**EXERCISE REQUIREMENTS:** Beginning with the line that contains "(1) Cross-section at" in the material below, print each line exactly until the line that contains "(5) Cross-section at" has been printed, then stop.

*-*-*

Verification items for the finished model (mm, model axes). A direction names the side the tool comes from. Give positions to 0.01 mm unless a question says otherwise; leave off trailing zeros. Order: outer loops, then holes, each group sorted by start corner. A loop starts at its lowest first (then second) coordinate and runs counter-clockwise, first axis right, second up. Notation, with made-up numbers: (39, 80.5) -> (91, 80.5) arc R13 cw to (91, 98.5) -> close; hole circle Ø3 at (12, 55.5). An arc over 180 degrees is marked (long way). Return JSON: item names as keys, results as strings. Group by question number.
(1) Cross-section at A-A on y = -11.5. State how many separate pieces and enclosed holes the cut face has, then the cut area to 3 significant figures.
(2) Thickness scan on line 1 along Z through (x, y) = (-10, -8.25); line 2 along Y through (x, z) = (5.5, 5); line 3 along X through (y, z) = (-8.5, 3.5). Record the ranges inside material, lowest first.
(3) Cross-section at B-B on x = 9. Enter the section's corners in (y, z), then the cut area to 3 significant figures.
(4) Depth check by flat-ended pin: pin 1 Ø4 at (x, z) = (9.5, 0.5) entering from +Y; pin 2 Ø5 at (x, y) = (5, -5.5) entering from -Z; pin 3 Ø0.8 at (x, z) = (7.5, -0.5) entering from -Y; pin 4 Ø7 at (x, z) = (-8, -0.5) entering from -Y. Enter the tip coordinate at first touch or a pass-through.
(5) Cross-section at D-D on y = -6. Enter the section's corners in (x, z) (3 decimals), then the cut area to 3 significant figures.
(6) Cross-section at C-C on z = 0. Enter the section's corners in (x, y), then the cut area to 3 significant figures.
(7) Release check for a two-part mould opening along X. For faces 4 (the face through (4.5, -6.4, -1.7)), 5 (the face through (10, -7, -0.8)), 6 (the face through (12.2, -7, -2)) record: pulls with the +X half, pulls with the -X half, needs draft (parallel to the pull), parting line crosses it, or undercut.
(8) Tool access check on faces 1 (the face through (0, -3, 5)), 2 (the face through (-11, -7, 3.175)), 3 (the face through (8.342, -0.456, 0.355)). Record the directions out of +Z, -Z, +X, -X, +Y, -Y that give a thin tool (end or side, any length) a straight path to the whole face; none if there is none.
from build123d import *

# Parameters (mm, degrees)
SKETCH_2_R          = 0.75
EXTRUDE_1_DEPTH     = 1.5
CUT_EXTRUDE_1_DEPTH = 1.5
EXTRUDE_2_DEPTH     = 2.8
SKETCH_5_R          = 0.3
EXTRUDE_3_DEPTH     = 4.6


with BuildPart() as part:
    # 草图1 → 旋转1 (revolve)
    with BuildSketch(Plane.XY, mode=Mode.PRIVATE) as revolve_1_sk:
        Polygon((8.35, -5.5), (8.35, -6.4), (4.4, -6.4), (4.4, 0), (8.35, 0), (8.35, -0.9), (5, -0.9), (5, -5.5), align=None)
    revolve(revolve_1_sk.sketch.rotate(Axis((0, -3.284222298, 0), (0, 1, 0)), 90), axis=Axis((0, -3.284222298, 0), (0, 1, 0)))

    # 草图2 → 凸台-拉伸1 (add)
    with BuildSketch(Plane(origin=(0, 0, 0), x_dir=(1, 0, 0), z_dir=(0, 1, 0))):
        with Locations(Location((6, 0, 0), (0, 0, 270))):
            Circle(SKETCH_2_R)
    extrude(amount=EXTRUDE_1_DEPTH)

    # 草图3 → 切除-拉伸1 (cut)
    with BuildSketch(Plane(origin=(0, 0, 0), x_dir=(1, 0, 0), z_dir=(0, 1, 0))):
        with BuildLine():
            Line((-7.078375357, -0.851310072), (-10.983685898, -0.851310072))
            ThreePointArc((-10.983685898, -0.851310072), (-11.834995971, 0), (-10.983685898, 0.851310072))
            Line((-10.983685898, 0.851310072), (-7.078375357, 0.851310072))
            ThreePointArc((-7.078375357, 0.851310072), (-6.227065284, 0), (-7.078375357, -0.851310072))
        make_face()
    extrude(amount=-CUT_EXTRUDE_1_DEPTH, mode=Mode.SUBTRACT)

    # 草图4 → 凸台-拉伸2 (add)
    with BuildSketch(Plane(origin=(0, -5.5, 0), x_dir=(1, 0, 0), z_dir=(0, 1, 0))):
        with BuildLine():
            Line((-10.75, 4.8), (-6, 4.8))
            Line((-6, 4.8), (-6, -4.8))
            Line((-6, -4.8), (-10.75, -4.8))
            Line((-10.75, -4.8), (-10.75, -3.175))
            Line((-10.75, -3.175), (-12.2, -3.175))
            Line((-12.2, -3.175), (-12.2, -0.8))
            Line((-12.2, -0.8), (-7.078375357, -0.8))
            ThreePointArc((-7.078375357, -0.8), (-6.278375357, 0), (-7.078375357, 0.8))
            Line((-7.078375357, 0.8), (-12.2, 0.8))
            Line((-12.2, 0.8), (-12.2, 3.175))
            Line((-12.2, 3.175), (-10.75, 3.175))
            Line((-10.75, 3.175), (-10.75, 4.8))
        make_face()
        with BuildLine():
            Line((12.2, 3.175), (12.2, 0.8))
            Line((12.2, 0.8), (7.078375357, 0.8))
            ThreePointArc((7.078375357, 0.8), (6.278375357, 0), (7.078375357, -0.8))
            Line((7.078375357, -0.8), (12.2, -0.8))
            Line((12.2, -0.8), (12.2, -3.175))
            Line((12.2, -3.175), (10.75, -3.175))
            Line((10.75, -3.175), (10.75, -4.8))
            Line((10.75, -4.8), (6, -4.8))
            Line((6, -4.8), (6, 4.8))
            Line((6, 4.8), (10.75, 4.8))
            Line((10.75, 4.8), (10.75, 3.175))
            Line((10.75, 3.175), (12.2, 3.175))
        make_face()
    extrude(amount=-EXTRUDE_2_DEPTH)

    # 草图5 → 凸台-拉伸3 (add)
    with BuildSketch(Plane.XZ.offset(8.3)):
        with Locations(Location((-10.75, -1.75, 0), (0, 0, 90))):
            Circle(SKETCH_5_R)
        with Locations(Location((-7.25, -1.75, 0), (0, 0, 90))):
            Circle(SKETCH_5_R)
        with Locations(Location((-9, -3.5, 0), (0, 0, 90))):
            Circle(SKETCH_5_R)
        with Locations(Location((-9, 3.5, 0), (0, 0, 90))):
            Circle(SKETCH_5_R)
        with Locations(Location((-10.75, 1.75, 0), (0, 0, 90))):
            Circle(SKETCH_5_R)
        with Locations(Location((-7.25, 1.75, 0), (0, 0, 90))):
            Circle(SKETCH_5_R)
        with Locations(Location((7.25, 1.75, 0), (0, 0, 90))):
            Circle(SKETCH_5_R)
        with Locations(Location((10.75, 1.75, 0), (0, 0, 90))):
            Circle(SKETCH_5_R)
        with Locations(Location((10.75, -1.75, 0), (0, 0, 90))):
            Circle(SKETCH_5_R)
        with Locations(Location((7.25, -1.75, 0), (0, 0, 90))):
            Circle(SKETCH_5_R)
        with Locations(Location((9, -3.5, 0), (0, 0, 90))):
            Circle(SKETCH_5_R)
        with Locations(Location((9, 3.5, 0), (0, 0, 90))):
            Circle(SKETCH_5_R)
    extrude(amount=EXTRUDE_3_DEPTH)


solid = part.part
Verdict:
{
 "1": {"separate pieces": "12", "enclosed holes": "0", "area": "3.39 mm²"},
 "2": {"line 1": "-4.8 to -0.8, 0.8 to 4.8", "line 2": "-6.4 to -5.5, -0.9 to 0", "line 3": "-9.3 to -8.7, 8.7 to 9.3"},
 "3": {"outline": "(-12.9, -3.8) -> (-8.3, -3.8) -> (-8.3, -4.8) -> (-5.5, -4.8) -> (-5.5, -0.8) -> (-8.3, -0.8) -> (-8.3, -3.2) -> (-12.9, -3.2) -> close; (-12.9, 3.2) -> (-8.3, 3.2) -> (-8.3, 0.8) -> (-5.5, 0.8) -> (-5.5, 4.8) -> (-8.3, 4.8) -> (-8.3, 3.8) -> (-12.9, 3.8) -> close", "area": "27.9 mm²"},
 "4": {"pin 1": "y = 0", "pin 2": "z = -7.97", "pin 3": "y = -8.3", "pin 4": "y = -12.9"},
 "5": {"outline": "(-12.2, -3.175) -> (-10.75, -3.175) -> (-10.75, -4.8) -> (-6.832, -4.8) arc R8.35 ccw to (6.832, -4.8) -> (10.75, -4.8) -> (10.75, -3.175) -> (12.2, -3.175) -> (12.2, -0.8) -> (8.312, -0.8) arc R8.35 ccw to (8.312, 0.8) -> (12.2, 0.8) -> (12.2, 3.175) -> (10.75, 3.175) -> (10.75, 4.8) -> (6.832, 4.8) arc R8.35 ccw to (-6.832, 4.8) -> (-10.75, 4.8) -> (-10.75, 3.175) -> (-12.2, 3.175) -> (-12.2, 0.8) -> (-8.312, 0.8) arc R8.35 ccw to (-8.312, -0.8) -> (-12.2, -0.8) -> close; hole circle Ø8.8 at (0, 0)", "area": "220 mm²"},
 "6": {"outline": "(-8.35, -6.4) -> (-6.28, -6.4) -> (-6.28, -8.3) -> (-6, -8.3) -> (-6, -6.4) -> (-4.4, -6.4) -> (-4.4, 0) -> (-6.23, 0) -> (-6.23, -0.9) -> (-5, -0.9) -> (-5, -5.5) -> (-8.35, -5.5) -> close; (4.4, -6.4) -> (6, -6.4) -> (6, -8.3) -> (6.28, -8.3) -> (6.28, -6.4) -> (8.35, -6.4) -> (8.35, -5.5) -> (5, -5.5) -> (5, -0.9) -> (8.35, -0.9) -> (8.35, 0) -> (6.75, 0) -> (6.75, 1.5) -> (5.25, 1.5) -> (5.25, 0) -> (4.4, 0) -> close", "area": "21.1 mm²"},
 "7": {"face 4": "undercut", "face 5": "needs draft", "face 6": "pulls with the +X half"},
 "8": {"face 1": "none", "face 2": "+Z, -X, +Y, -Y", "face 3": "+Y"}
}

*-*-*

**RESULT:**
(1) Cross-section at A-A on y = -11.5. State how many separate pieces and enclosed holes the cut face has, then the cut area to 3 significant figures.
(2) Thickness scan on line 1 along Z through (x, y) = (-10, -8.25); line 2 along Y through (x, z) = (5.5, 5); line 3 along X through (y, z) = (-8.5, 3.5). Record the ranges inside material, lowest first.
(3) Cross-section at B-B on x = 9. Enter the section's corners in (y, z), then the cut area to 3 significant figures.
(4) Depth check by flat-ended pin: pin 1 Ø4 at (x, z) = (9.5, 0.5) entering from +Y; pin 2 Ø5 at (x, y) = (5, -5.5) entering from -Z; pin 3 Ø0.8 at (x, z) = (7.5, -0.5) entering from -Y; pin 4 Ø7 at (x, z) = (-8, -0.5) entering from -Y. Enter the tip coordinate at first touch or a pass-through.
(5) Cross-section at D-D on y = -6. Enter the section's corners in (x, z) (3 decimals), then the cut area to 3 significant figures.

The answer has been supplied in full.